# What the exercise asks
With all pictures excluded, restate the records that follow exactly as written.

++++ Data shown ++++

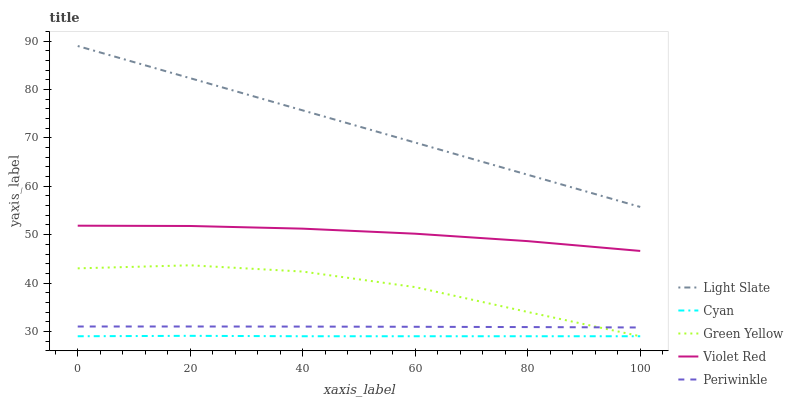Does Cyan have the minimum area under the curve?
Answer yes or no. Yes. Does Light Slate have the maximum area under the curve?
Answer yes or no. Yes. Does Violet Red have the minimum area under the curve?
Answer yes or no. No. Does Violet Red have the maximum area under the curve?
Answer yes or no. No. Is Light Slate the smoothest?
Answer yes or no. Yes. Is Green Yellow the roughest?
Answer yes or no. Yes. Is Cyan the smoothest?
Answer yes or no. No. Is Cyan the roughest?
Answer yes or no. No. Does Cyan have the lowest value?
Answer yes or no. Yes. Does Violet Red have the lowest value?
Answer yes or no. No. Does Light Slate have the highest value?
Answer yes or no. Yes. Does Violet Red have the highest value?
Answer yes or no. No. Is Green Yellow less than Light Slate?
Answer yes or no. Yes. Is Light Slate greater than Green Yellow?
Answer yes or no. Yes. Does Green Yellow intersect Cyan?
Answer yes or no. Yes. Is Green Yellow less than Cyan?
Answer yes or no. No. Is Green Yellow greater than Cyan?
Answer yes or no. No. Does Green Yellow intersect Light Slate?
Answer yes or no. No. 
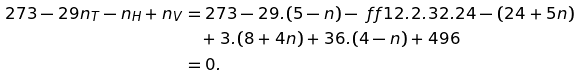Convert formula to latex. <formula><loc_0><loc_0><loc_500><loc_500>2 7 3 - 2 9 n _ { T } - n _ { H } + n _ { V } & = 2 7 3 - 2 9 . ( 5 - n ) - \ f f 1 2 . 2 . 3 2 . 2 4 - ( 2 4 + 5 n ) \\ & \quad + 3 . ( 8 + 4 n ) + 3 6 . ( 4 - n ) + 4 9 6 \\ & = 0 .</formula> 
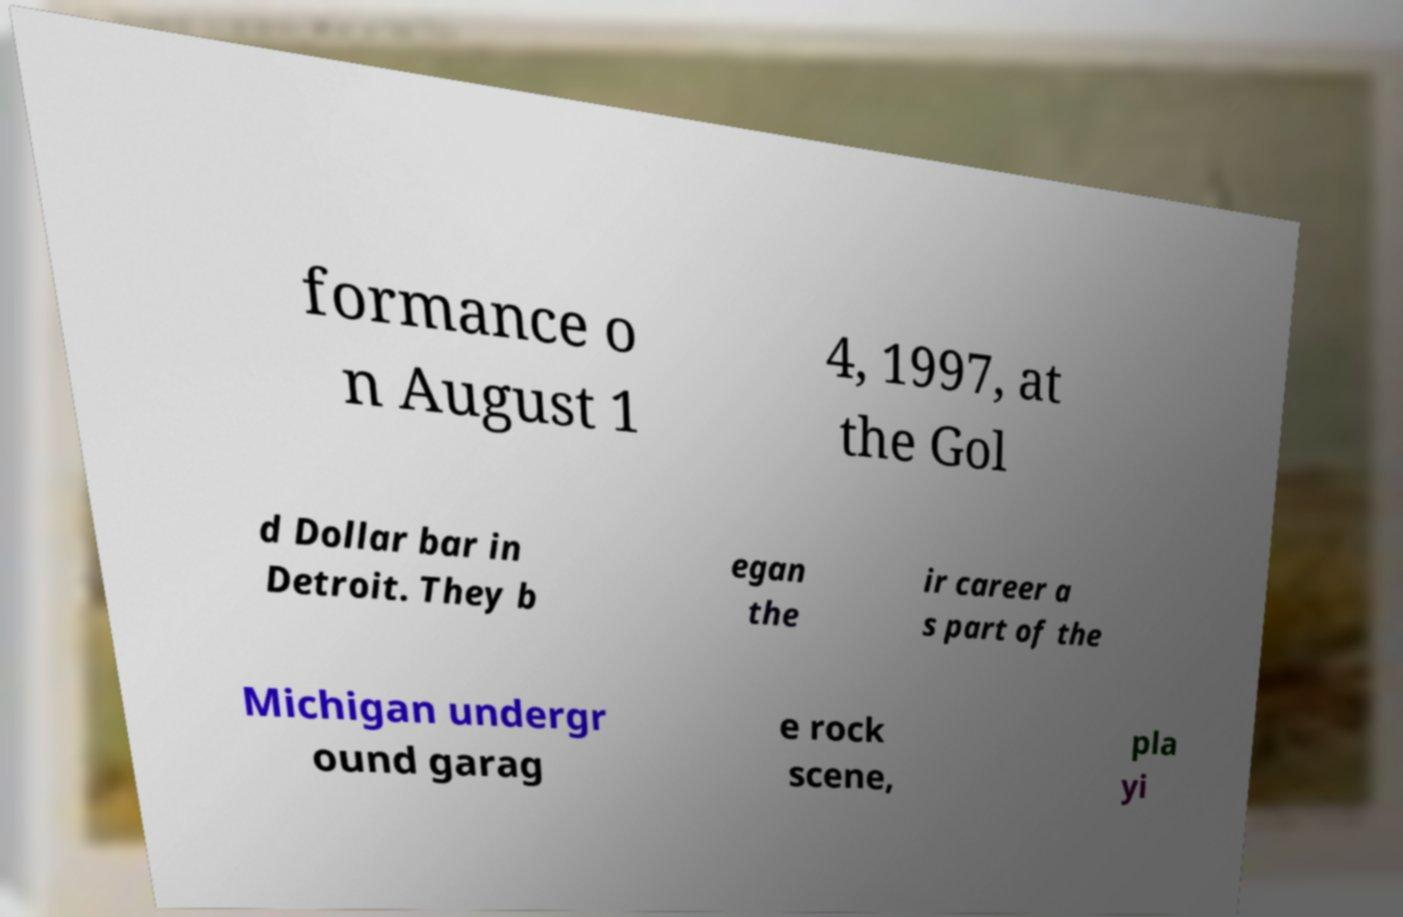I need the written content from this picture converted into text. Can you do that? formance o n August 1 4, 1997, at the Gol d Dollar bar in Detroit. They b egan the ir career a s part of the Michigan undergr ound garag e rock scene, pla yi

++++

# Completed exercise
Does Cyan have the minimum area under the curve?
Answer yes or no. Yes. Does Light Slate have the maximum area under the curve?
Answer yes or no. Yes. Does Violet Red have the minimum area under the curve?
Answer yes or no. No. Does Violet Red have the maximum area under the curve?
Answer yes or no. No. Is Light Slate the smoothest?
Answer yes or no. Yes. Is Green Yellow the roughest?
Answer yes or no. Yes. Is Cyan the smoothest?
Answer yes or no. No. Is Cyan the roughest?
Answer yes or no. No. Does Cyan have the lowest value?
Answer yes or no. Yes. Does Violet Red have the lowest value?
Answer yes or no. No. Does Light Slate have the highest value?
Answer yes or no. Yes. Does Violet Red have the highest value?
Answer yes or no. No. Is Green Yellow less than Light Slate?
Answer yes or no. Yes. Is Light Slate greater than Green Yellow?
Answer yes or no. Yes. Does Green Yellow intersect Cyan?
Answer yes or no. Yes. Is Green Yellow less than Cyan?
Answer yes or no. No. Is Green Yellow greater than Cyan?
Answer yes or no. No. Does Green Yellow intersect Light Slate?
Answer yes or no. No. 
Convert formula to latex. <formula><loc_0><loc_0><loc_500><loc_500>2 7 3 - 2 9 n _ { T } - n _ { H } + n _ { V } & = 2 7 3 - 2 9 . ( 5 - n ) - \ f f 1 2 . 2 . 3 2 . 2 4 - ( 2 4 + 5 n ) \\ & \quad + 3 . ( 8 + 4 n ) + 3 6 . ( 4 - n ) + 4 9 6 \\ & = 0 .</formula> 
I need the written content from this picture converted into text. Can you do that? formance o n August 1 4, 1997, at the Gol d Dollar bar in Detroit. They b egan the ir career a s part of the Michigan undergr ound garag e rock scene, pla yi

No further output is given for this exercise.